Cuando una tienda online mantiene tu carrito, una plataforma recuerda tu sesión o una web conserva el idioma elegido, normalmente hay pequeñas cookies trabajando en segundo plano. En este artículo explico qué son, cómo funcionan, qué datos pueden guardar, cuándo conviene aceptarlas y cómo gestionarlas en Chrome, Firefox, Safari o Edge sin perder más comodidad de la necesaria.
Las cookies hacen posible una navegación más cómoda, pero no todas son iguales
- Funcionamiento: el navegador guarda pequeños datos y los devuelve al sitio que los creó.
- Tipos: las cookies pueden ser técnicas, de preferencias, analíticas o publicitarias.
- Privacidad: las cookies de terceros pueden seguir la actividad entre diferentes sitios.
- España: las cookies no esenciales requieren normalmente un consentimiento previo e informado.
- Seguridad: los atributos Secure, HttpOnly y SameSite reducen riesgos, aunque no los eliminan por completo.
Qué es una cookie y qué ocurre cuando visitas una web
Una cookie es un pequeño registro de datos que una página web guarda en el navegador del ordenador, móvil o tableta.
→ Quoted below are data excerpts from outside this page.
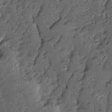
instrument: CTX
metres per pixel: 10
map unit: Ave
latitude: 13.6694
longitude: -134.7624
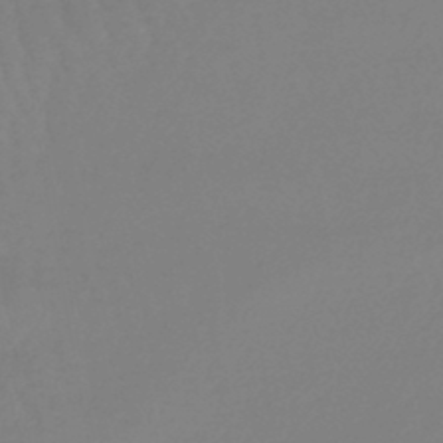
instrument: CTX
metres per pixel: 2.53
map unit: lHb
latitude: -45.4832
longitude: 78.7274
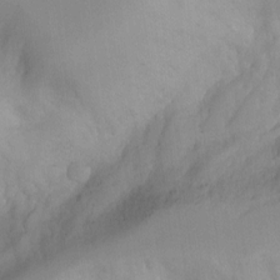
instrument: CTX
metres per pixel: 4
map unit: Aa
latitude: -13.1998
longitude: -59.4049
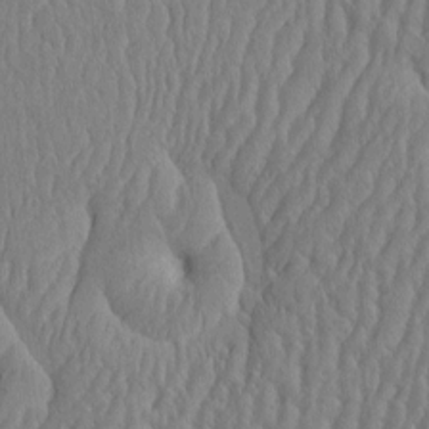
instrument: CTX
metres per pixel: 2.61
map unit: eHh
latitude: -3.7288
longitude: 14.8786
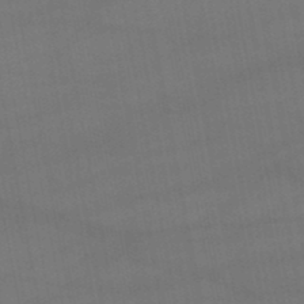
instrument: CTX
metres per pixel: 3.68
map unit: lHb
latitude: -47.1998
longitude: 73.5966
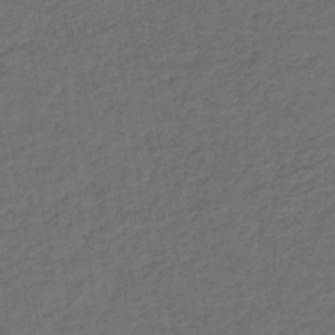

Puede contener un identificador, una preferencia o información técnica, pero no es un programa y, por sí sola, no instala aplicaciones ni infecta el dispositivo.
La razón de fondo es sencilla. El protocolo HTTP no recuerda automáticamente quién eres entre una petición y la siguiente, así que la cookie actúa como una pequeña señal de continuidad. Gracias a ella, una aplicación web puede saber que las distintas páginas que visitas pertenecen a la misma sesión.
- Visitas una página, por ejemplo, la de una tienda.
- El servidor envía una cookie al navegador mediante una respuesta HTTP.
- El navegador la guarda según su dominio, duración y configuración.
- Cuando vuelves a realizar una petición compatible, el navegador devuelve ese dato.
- El servidor lo utiliza para mantener tu sesión, recordar preferencias o medir una interacción.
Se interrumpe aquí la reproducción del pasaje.